Summary of findings 2. Duodenum‐preserving pancreatic resection versus pancreaticoduodenectomy for chronic pancreatitis (secondary outcomes).
| Patient or population: people requiring surgery for chronic pancreatitis Setting: surgical unit Intervention: duodenum‐preserving pancreatic resection Comparison: pancreaticoduodenectomy | ||||||
| Outcomes | Anticipated absolute effects* (95% CI) | Relative effect (95% CI) | Number of participants (studies) | Quality of the evidence (GRADE) | Comments | |
| Risk with pancreaticoduodenectomy | Risk with duodenum‐preserving pancreatic resection | |||||
| Adverse events (proportion) | 363 per 1000 | 200 per 1000 (80 to 490) | RR 0.55 (0.22 to 1.35) | 226 (4 RCTs) | ⊕⊝⊝⊝ Very low1 2 3 | ‐ |
| Adverse events (number of adverse events) | 571 per 1000 | 543 per 1000 (246 to 1211) | Rate ratio 0.95 (0.43 to 2.12) | 43 (1 RCT) | ⊕⊝⊝⊝ Very low1 2 | ‐ |
| Length of hospital stay | The mean length of hospital stay was 14 days | The mean or median length of hospital stay in the intervention group was 1 to 5 days fewer | ‐ | 208 (4 RCTs) | ⊕⊕⊝⊝ Low1 | 2 trials that reported mean length of hospital stay reported statistically significant fewer hospital stay in intervention group (about 5 days fewer) (Farkas 2006; Klempa 1995), while 2 trials that reported the median length of hospital stay reported 1 day fewer hospital stay in intervention group, which was not statistically significant in 1 trial (Keck 2012), while the other trial did not report statistical significance (Buchler 1995) |
| Employed | 451 per 1000 | 694 per 1000 (451 to 1000) | RR 1.54 (1.00 to 2.37) | 189 (4 RCTs) | ⊕⊕⊝⊝ Low1 | ‐ |
| New‐onset diabetes | 239 per 1000 | 186 per 1000 (119 to 291) | RR 0.78 (0.50 to 1.22) | 269 (5 RCTs) | ⊕⊝⊝⊝ Very low1 2 | ‐ |
| Pancreatic exocrine insufficiency | 747 per 1000 | 620 per 1000 (508 to 762) | RR 0.83 (0.68 to 1.02) | 189 (4 RCTs) | ⊕⊝⊝⊝ Very low1,2,4 | ‐ |
| None of the trials reported the following outcomes: quality of life (4 weeks to 3 months), clinically significant pancreatic fistulas, serious adverse events, time to return to normal activity, time to return to work, and pain scores using a visual analogue scale. | ||||||
| *The risk in the intervention group (and its 95% confidence interval) is based on the assumed risk in the comparison group (mean control group proportion for all outcomes except short‐term mortality where an assumed risk of 1% was used as there was no short‐term mortality in the control group in the trials included in this review) and the relative effect of the intervention (and its 95% CI).
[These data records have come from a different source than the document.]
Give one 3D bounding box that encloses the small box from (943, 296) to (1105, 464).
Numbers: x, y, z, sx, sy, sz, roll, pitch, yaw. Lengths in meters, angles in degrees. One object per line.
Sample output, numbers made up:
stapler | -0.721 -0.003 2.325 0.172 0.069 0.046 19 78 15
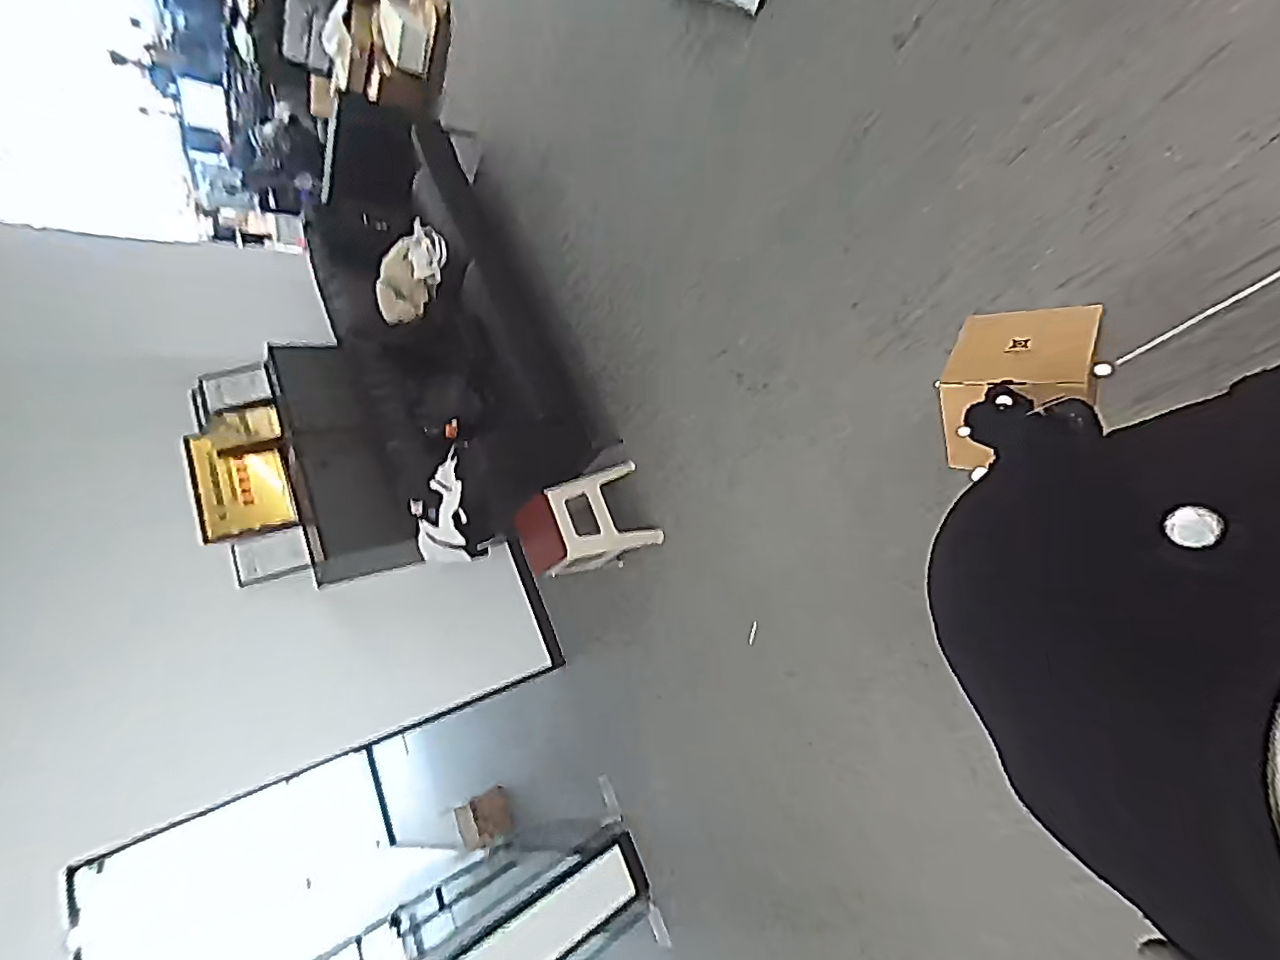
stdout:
small box | 0.570 -0.148 0.808 0.168 0.179 0.176 9 142 41

CI: confidence interval; RCT: randomised controlled trial; RR: risk ratio | ||||||
| GRADE Working Group grades of evidence High quality: We are very confident that the true effect lies close to that of the estimate of the effect Moderate quality: We are moderately confident in the effect estimate: The true effect is likely to be close to the estimate of the effect, but there is a possibility that it is substantially different Low quality: Our confidence in the effect estimate is limited: The true effect may be substantially different from the estimate of the effect Very low quality: We have very little confidence in the effect estimate: The true effect is likely to be substantially different from the estimate of effect | ||||||
1 The trial(s) was/were of unclear or high risk of bias.
2 The confidence intervals were wide and the sample size was small.
3 The I2 value was high.
4 The I2 value was high and there was lack of overlap of confidence intervals.